L’ex ct del Giappone, Zaccheroni, racconta alla Gazzetta dello Sport degli aneddoti della sua carriera in Giappone.
“La prima parola che mi viene in mente dopo aver visto il Giappone in questo Mondiale è orgoglio. Sì, sono orgoglioso di averli allenati, questi ragazzi. E per allenati intendo proprio loro, quelli che hanno appena concluso l’avventura in Russia: a parte pochissimi elementi, li ho avuti tutti. Orgoglioso perché sono unici e la foto, che sta circolando sul web, del loro spogliatoio immacolato dopo l’eliminazione con il Belgio rende bene l’idea del mio orgoglio. Che non è solo calcistico. Ho letto molti commenti di stupore, ma chi sa come ragiona questo popolo di certo non si stupisce. Io infatti non lo faccio. Anzi, mi sarei meravigliato se non l’avessero fatto. Vi racconto che cosa succede in uno spogliatoio giapponese di calcio quando finisce una partita: il giocatore che si sfila per primo un indumento lo piega e lo sistema per terra, tutti quelli che vengono dopo utilizzano lo stesso metodo. In pratica si formano quattro pile di indumenti sporchi: maglietta, pantaloncini, calzettoni e canottiere tecniche. Questo succede perché il lavoro del magazziniere è visto col massimo rispetto e tenuto nella massima considerazione.

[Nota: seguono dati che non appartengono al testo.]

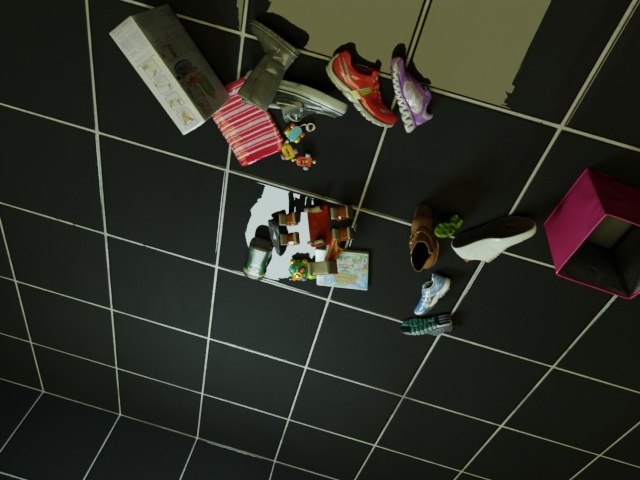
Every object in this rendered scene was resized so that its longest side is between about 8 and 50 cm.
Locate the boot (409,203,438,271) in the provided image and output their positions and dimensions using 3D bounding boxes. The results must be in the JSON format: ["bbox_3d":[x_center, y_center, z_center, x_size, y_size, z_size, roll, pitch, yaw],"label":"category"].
[{"bbox_3d":[0.363,0.039,1.769,0.109,0.220,0.283,4,129,10],"label":"boot"}]

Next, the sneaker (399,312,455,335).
[{"bbox_3d":[0.446,0.374,2.109,0.223,0.083,0.098,-13,128,22],"label":"sneaker"}]

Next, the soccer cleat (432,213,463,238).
[{"bbox_3d":[0.428,-0.036,1.731,0.060,0.179,0.072,50,133,12],"label":"soccer cleat"}]

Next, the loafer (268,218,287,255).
[{"bbox_3d":[-0.167,-0.015,1.971,0.061,0.062,0.170,20,130,27],"label":"loafer"}]

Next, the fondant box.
[{"bbox_3d":[-0.428,-0.509,1.497,0.096,0.238,0.330,-25,113,24],"label":"fondant box"}]

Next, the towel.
[{"bbox_3d":[-0.255,-0.393,1.702,0.198,0.031,0.275,-16,122,24],"label":"towel"}]

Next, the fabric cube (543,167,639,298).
[{"bbox_3d":[0.892,-0.022,1.568,0.259,0.258,0.254,19,129,-1],"label":"fabric cube"}]

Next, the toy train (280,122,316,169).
[{"bbox_3d":[-0.074,-0.323,1.707,0.125,0.046,0.166,-3,121,-17],"label":"toy train"}]

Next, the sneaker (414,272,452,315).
[{"bbox_3d":[0.428,0.210,1.991,0.081,0.080,0.211,30,119,-3],"label":"sneaker"}]

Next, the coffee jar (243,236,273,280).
[{"bbox_3d":[-0.253,0.077,2.043,0.096,0.079,0.184,18,129,-4],"label":"coffee jar"}]

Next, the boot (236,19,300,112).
[{"bbox_3d":[-0.180,-0.514,1.490,0.189,0.076,0.208,40,106,9],"label":"boot"}]

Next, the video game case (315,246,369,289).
[{"bbox_3d":[0.086,0.114,2.025,0.212,0.023,0.193,5,129,10],"label":"video game case"}]

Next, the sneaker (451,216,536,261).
[{"bbox_3d":[0.617,0.003,1.766,0.290,0.106,0.123,-17,129,36],"label":"sneaker"}]

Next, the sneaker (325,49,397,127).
[{"bbox_3d":[0.142,-0.452,1.514,0.279,0.107,0.118,39,117,-20],"label":"sneaker"}]

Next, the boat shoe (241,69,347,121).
[{"bbox_3d":[-0.084,-0.423,1.563,0.335,0.121,0.119,19,100,11],"label":"boat shoe"}]

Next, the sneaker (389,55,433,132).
[{"bbox_3d":[0.274,-0.441,1.500,0.104,0.095,0.236,-14,128,16],"label":"sneaker"}]

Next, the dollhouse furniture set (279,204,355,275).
[{"bbox_3d":[0.000,0.000,1.859,0.262,0.135,0.259,-6,87,18],"label":"dollhouse furniture set"}]

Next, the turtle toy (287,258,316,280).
[{"bbox_3d":[-0.072,0.127,2.046,0.130,0.066,0.095,0,128,14],"label":"turtle toy"}]

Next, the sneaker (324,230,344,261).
[{"bbox_3d":[0.052,0.051,1.931,0.067,0.064,0.175,11,111,11],"label":"sneaker"}]

Sono cose che dal di fuori non si possono immaginare. Noi siamo abituati a lanciare tutto per terra, tanto c’è chi ci pensa. La loro è proprio una forma mentis, ma su tutto: i muratori arrivano al lavoro mezzora prima perché il capomastro gli fa eseguire esercizi di preparazione muscolare. Vivere là è come vivere in un fumetto. Tornando agli spogliatoi, posso raccontare un altro aneddoto. Alla fine del ritiro pre-Mondiale, quattro anni fa, erano in 24mila stipati in un palazzetto per salutarci prima della partenza per il Brasile. C’era una passerella che dagli spogliatoi portava al centro dell’impianto, i giocatori si cambiarono, posarono su un tavolo tutti i loro effetti personali fra orologi, catenine e portafogli, e uscirono uno alla volta. Io ero l’ultimo, mi ritrovai da solo nello spogliatoio e fra me e me pensavo: “E ora chi chiude qui?”. Nessuno, le chiavi non esistevano e a nessuno, a parte me, erano passati brutti pensieri per la testa nonostante ci fossero centinaia di persone a pochi metri dal nostro stanzone. Sono congetture e paure che a loro nemmeno vengono in mente. Ho girato parecchio l’Oriente, e posso dire con cognizione di causa che i giapponesi sono gli unici con queste qualità. Sono diversi da tutti gli altri asiatici.”